# [Dataset items]
:::::
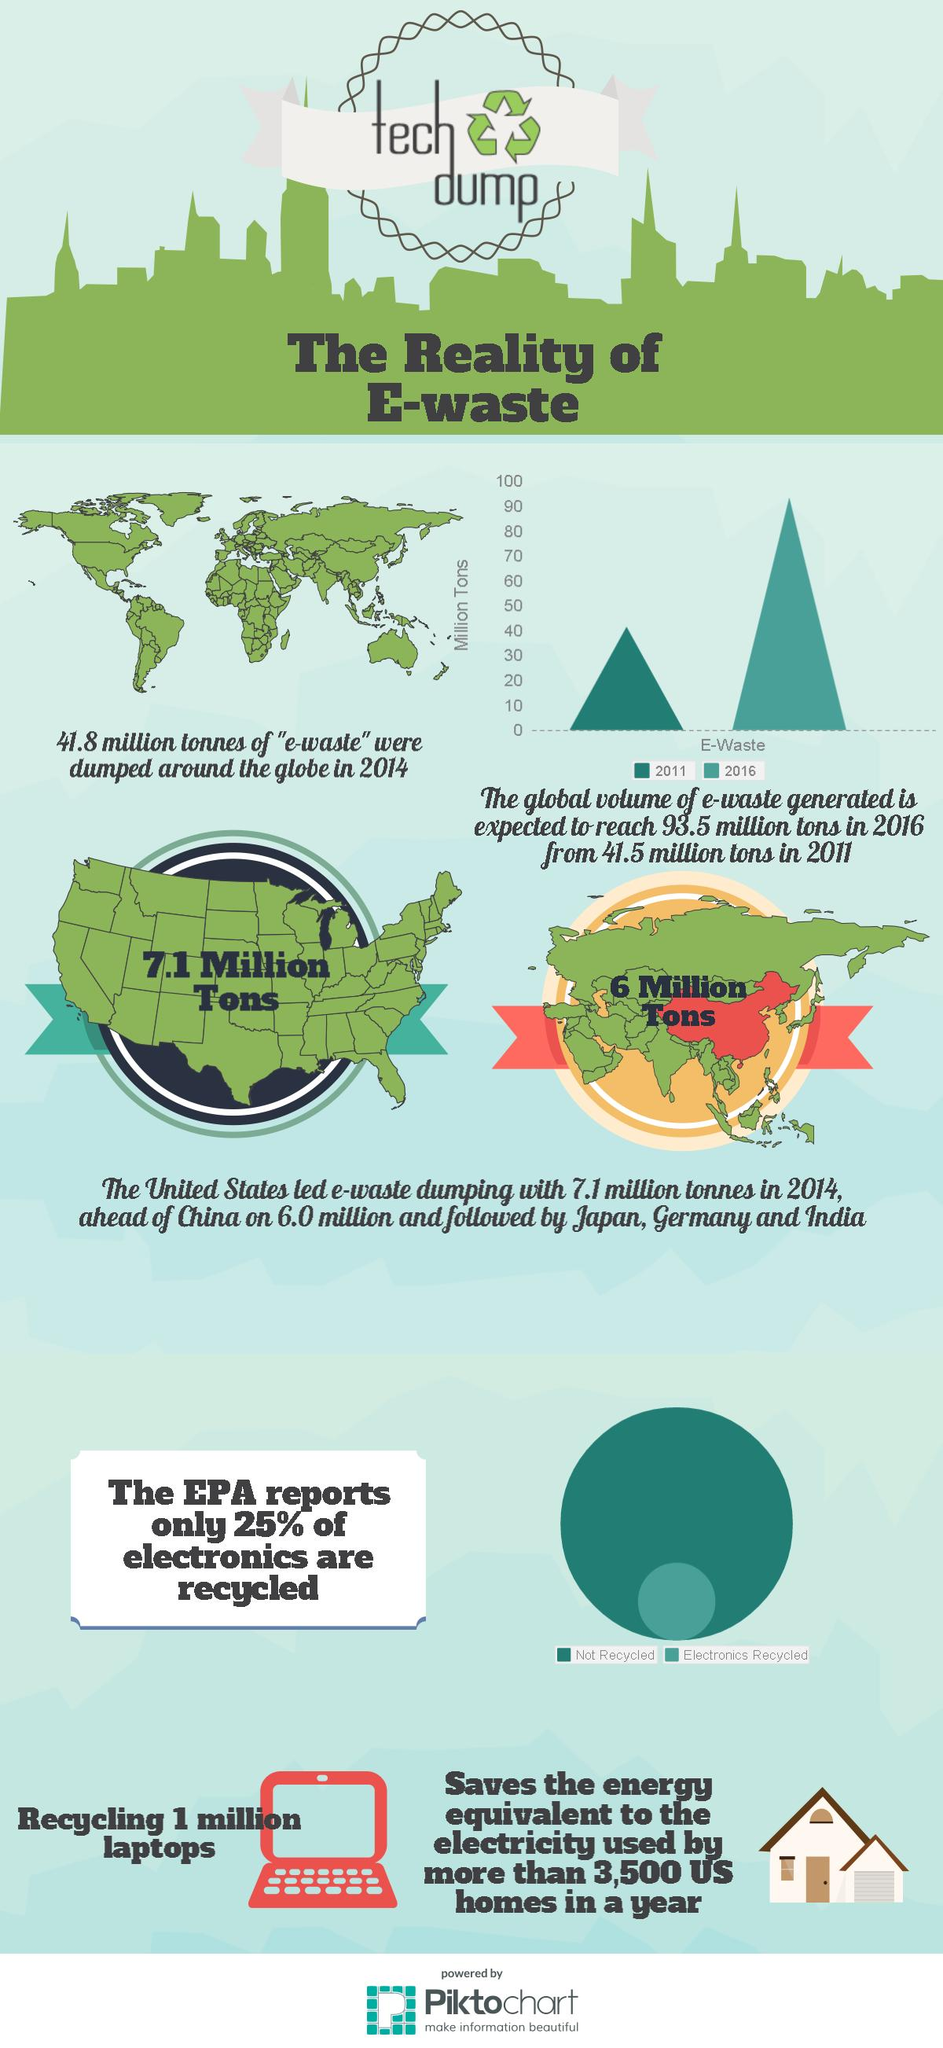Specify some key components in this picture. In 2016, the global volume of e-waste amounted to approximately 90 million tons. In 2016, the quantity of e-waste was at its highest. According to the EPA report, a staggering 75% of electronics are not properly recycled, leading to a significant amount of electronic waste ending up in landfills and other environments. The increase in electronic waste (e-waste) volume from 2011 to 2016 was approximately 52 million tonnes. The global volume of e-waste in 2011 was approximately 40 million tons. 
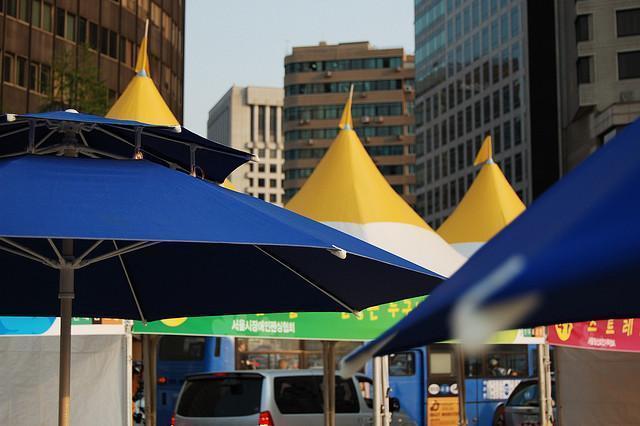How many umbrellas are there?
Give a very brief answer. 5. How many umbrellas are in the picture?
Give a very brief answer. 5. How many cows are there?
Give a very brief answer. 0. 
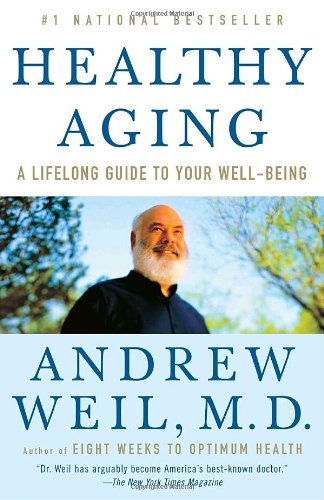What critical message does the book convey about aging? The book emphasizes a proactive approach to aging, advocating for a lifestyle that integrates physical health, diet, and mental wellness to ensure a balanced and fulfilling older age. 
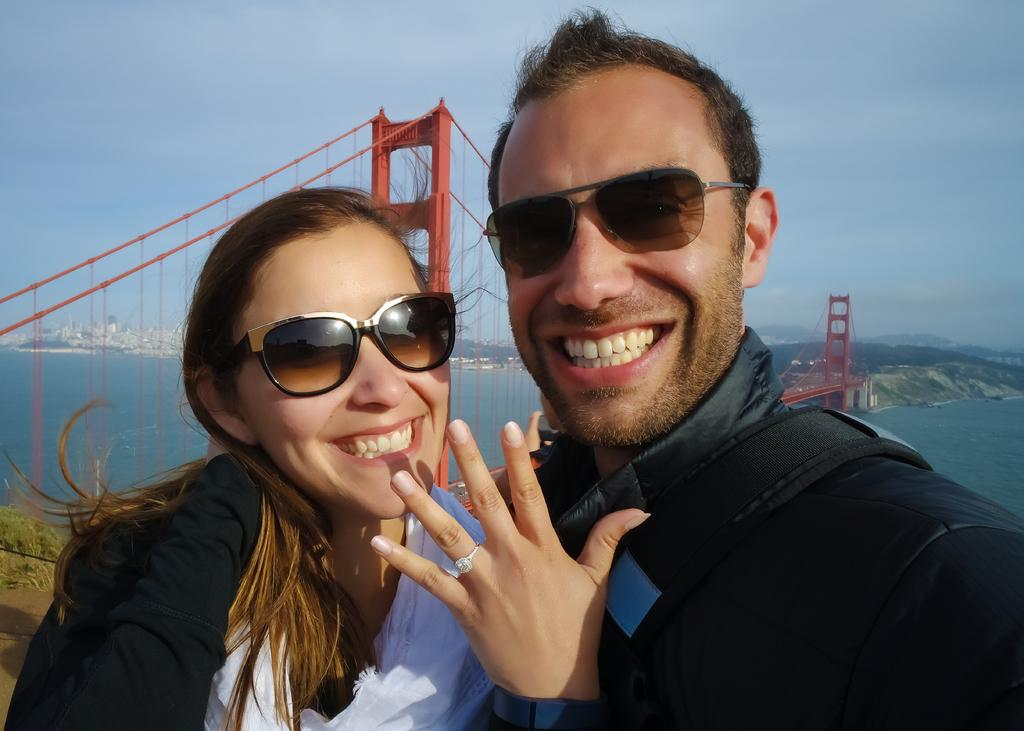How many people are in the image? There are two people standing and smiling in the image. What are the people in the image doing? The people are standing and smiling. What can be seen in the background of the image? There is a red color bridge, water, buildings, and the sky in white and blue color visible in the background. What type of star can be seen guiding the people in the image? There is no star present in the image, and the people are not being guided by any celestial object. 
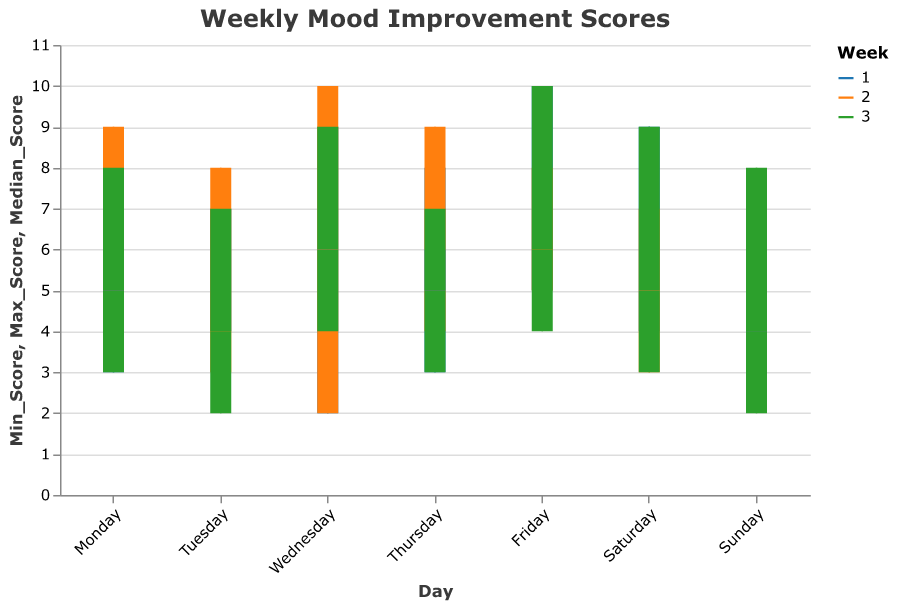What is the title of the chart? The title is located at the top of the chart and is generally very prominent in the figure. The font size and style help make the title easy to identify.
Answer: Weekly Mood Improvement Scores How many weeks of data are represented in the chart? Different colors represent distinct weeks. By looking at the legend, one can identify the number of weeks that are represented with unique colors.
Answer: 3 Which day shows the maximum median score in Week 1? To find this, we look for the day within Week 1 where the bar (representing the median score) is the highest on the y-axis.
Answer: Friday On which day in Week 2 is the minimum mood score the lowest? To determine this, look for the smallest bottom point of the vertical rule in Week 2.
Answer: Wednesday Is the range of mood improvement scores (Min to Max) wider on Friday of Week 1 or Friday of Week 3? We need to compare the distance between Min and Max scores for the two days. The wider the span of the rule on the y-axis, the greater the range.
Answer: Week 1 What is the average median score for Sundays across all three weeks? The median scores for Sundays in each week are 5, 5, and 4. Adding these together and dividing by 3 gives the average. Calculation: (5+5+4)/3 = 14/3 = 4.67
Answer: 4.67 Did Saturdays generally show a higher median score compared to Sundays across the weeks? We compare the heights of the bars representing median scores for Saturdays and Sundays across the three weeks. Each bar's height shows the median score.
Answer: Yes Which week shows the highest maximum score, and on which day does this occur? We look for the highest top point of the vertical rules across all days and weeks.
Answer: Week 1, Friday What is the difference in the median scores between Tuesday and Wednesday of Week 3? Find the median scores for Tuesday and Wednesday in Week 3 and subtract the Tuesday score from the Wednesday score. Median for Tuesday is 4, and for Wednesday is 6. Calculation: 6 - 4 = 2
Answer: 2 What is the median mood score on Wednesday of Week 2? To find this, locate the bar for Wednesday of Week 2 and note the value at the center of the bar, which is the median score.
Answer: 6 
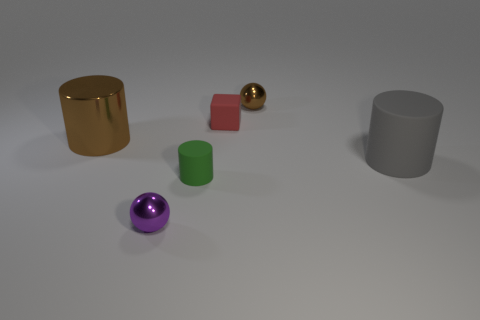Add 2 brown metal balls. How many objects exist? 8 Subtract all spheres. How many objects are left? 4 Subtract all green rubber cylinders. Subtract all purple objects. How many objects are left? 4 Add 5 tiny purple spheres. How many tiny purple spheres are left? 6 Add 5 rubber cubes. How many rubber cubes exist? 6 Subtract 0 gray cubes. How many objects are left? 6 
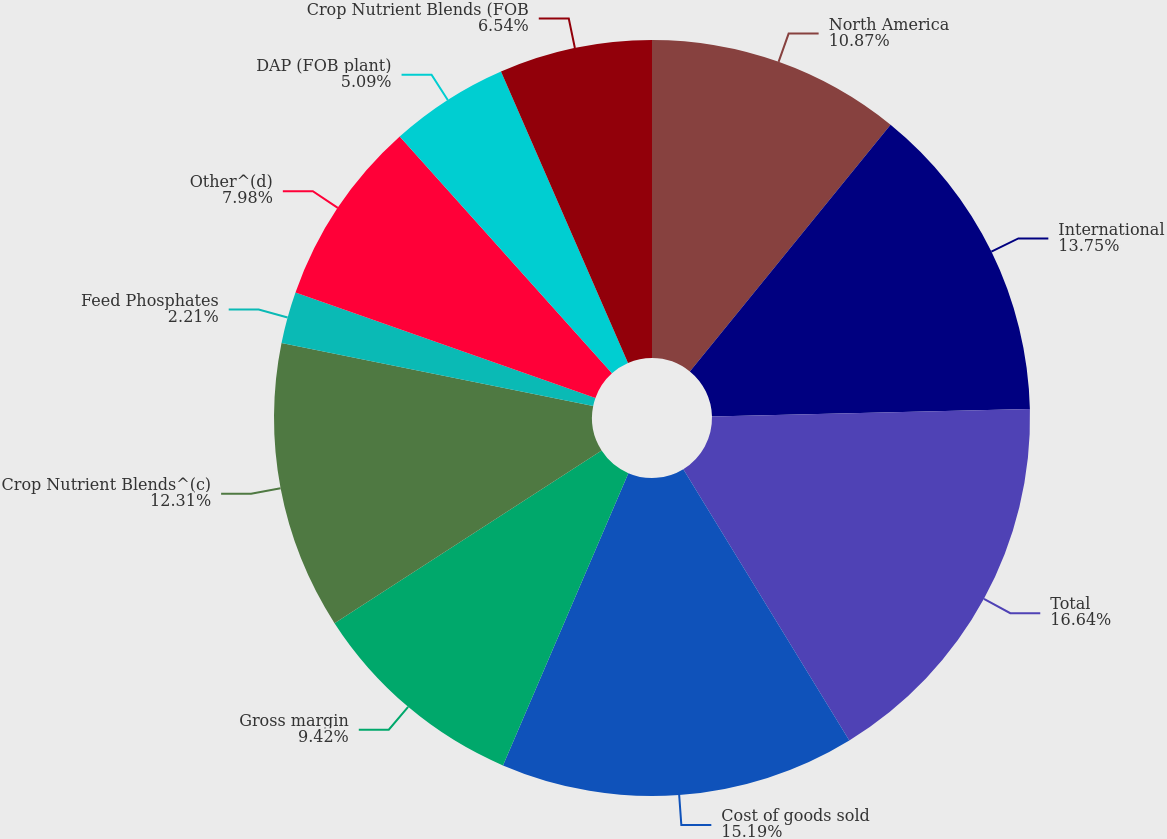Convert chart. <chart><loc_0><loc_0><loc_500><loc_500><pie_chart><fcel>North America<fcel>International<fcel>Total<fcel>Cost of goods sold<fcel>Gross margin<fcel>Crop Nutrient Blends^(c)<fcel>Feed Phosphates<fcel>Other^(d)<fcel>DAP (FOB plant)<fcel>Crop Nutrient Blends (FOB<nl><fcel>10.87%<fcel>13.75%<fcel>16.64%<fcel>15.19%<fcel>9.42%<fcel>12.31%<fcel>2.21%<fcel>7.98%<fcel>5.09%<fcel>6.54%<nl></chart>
:::::
# [What you will do]
Output the entries above exactly. Do not include the pictures.

# [Task result]
Specify some key components in this picture. In 2016, the global volume of e-waste amounted to approximately 90 million tons. In 2016, the quantity of e-waste was at its highest. According to the EPA report, a staggering 75% of electronics are not properly recycled, leading to a significant amount of electronic waste ending up in landfills and other environments. The increase in electronic waste (e-waste) volume from 2011 to 2016 was approximately 52 million tonnes. The global volume of e-waste in 2011 was approximately 40 million tons. 
How many umbrellas are there?
Give a very brief answer. 5. How many umbrellas are in the picture?
Give a very brief answer. 5. How many cows are there?
Give a very brief answer. 0. 
What critical message does the book convey about aging? The book emphasizes a proactive approach to aging, advocating for a lifestyle that integrates physical health, diet, and mental wellness to ensure a balanced and fulfilling older age. 
How many people are in the image? There are two people standing and smiling in the image. What are the people in the image doing? The people are standing and smiling. What can be seen in the background of the image? There is a red color bridge, water, buildings, and the sky in white and blue color visible in the background. What type of star can be seen guiding the people in the image? There is no star present in the image, and the people are not being guided by any celestial object. 
What is the title of the chart? The title is located at the top of the chart and is generally very prominent in the figure. The font size and style help make the title easy to identify.
Answer: Weekly Mood Improvement Scores How many weeks of data are represented in the chart? Different colors represent distinct weeks. By looking at the legend, one can identify the number of weeks that are represented with unique colors.
Answer: 3 Which day shows the maximum median score in Week 1? To find this, we look for the day within Week 1 where the bar (representing the median score) is the highest on the y-axis.
Answer: Friday On which day in Week 2 is the minimum mood score the lowest? To determine this, look for the smallest bottom point of the vertical rule in Week 2.
Answer: Wednesday Is the range of mood improvement scores (Min to Max) wider on Friday of Week 1 or Friday of Week 3? We need to compare the distance between Min and Max scores for the two days. The wider the span of the rule on the y-axis, the greater the range.
Answer: Week 1 What is the average median score for Sundays across all three weeks? The median scores for Sundays in each week are 5, 5, and 4. Adding these together and dividing by 3 gives the average. Calculation: (5+5+4)/3 = 14/3 = 4.67
Answer: 4.67 Did Saturdays generally show a higher median score compared to Sundays across the weeks? We compare the heights of the bars representing median scores for Saturdays and Sundays across the three weeks. Each bar's height shows the median score.
Answer: Yes Which week shows the highest maximum score, and on which day does this occur? We look for the highest top point of the vertical rules across all days and weeks.
Answer: Week 1, Friday What is the difference in the median scores between Tuesday and Wednesday of Week 3? Find the median scores for Tuesday and Wednesday in Week 3 and subtract the Tuesday score from the Wednesday score. Median for Tuesday is 4, and for Wednesday is 6. Calculation: 6 - 4 = 2
Answer: 2 What is the median mood score on Wednesday of Week 2? To find this, locate the bar for Wednesday of Week 2 and note the value at the center of the bar, which is the median score.
Answer: 6 
Add 2 brown metal balls. How many objects exist? 8 Subtract all spheres. How many objects are left? 4 Subtract all green rubber cylinders. Subtract all purple objects. How many objects are left? 4 Add 5 tiny purple spheres. How many tiny purple spheres are left? 6 Add 5 rubber cubes. How many rubber cubes exist? 6 Subtract 0 gray cubes. How many objects are left? 6 
Convert chart. <chart><loc_0><loc_0><loc_500><loc_500><pie_chart><fcel>North America<fcel>International<fcel>Total<fcel>Cost of goods sold<fcel>Gross margin<fcel>Crop Nutrient Blends^(c)<fcel>Feed Phosphates<fcel>Other^(d)<fcel>DAP (FOB plant)<fcel>Crop Nutrient Blends (FOB<nl><fcel>10.87%<fcel>13.75%<fcel>16.64%<fcel>15.19%<fcel>9.42%<fcel>12.31%<fcel>2.21%<fcel>7.98%<fcel>5.09%<fcel>6.54%<nl></chart>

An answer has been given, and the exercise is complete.